About Curiosity the Mars Science Laboratory

The Mars Science Laboratory (MSL), now rechristened Curiosity (NASA spacecraft usually receive new, less technical names prior to launch) is the next major rover mission bound for Mars. After it launches in 2011, it will conduct a ground mission similar to those currently being undertaken by Spirit and Opportunity, though it will be much more capable and, hopefully, operate for an even longer time period on the surface of the red planet.

– Development and Design –

The Mars Science Laboratory was designed to further several high-priority objectives with respect to Mars, including studying its climate and searching for evidence of the building blocks of organic life, such as carbon organic compounds, oxygen, and water. As with most major space probe missions, the Mars Science Laboratory is both late and over-budget. When first approved in 2006, it was supposed to be launched in 2009; two years later, it was delayed until 2011.

Previous probes to Mars have been very small: the Sojourner rover was the size of a large remote-controlled toy car, and Spirit and Opportunity were three times as large. The Mars Science Laboratory will be the size of a small car, and weigh almost 2000 pounds. An autopilot unit will drive it over the surface of Mars at the relaxed pace of 300 feet per hour, and mission parameters call for it to travel at least 12 miles over the course of its mission. (If the mission is as successful as the Spirit and Opportunity ones, it will travel much farther.)
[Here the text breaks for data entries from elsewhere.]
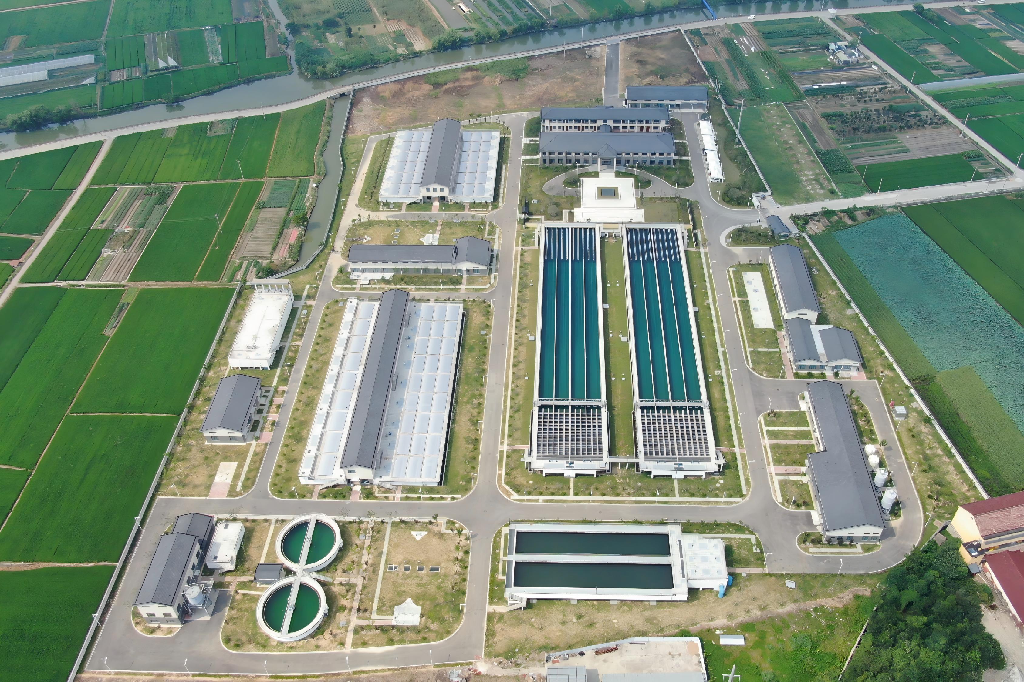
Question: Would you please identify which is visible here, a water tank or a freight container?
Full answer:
Looking from above, you can make out a water tank.
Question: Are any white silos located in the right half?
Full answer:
Yes, I can see a white silo in the right half.
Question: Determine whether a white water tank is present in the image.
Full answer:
Yes, a white water tank is visible in the scene.
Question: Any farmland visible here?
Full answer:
Yes, there's farmland in this view.
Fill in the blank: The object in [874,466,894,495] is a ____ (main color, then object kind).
white silo
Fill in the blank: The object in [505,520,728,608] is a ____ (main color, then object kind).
white water tank

Aside from much more sophisticated scientific research and computer components, one of the most important differences between the Mars Science Laboratory and its predecessors is that it will be scrapping their solar panel configuration in favour of radioisotope generators, the nuclear-powered generators which were used by the Viking probes in the 1970s. These generators are far more expensive than solar panels, but also produce several times as much power. Their second chief drawback is that they will run out of fuel in about 15 years, whereas solar panels could theoretically keep the Spirit and Opportunity probes under power indefinitely. However, if the Mars Science Laboratory lasts long enough for its generator to be exhausted, it will still be considered an outstanding success.

– The Mission –

In October 2011, according to current planets, Mars Science Laboratory will blast off atop an Atlas V rocket, the same as that used to launch the recent probe to Pluto, New Horizons.

Once at Mars, instead of using the large airbag apparatus designed for the previous generation of Mars landers, the Mars Science Laboratory will use a combination of heat shields (similar to those used by spacecraft re-entering Earth’s atmosphere), parachutes, and rockets, in order to make an unprecedented soft landing on the surface. Once landed, a crane built into the re-entry vehicle will lift the Science Laboratory vehicle itself and lower it out onto the surface of the planet. At that point the ground mission will be ready to begin.

This system should, at least in theory, allow much greater precision in landing than the previous Spirit and Opportunity missions, which used large airbag systems to bounce repeatedly along the surface before coming to a standstill. NASA has not yet chosen which site will be selected for the landing (a decision which will be made early in 2011, as part of the final preparations for launch), but likely targets include the Mawrth Valley, believed to be the site of an ancient water river; and several large craters.

Minimum requirements stipulate that the Mars Science Laboratory will operate for two years on the surface of Mars. However, successful space missions routinely far exceed their requirements. For example, the Opportunity probe was required to survive for three months; instead, it is still operational today, over six years later.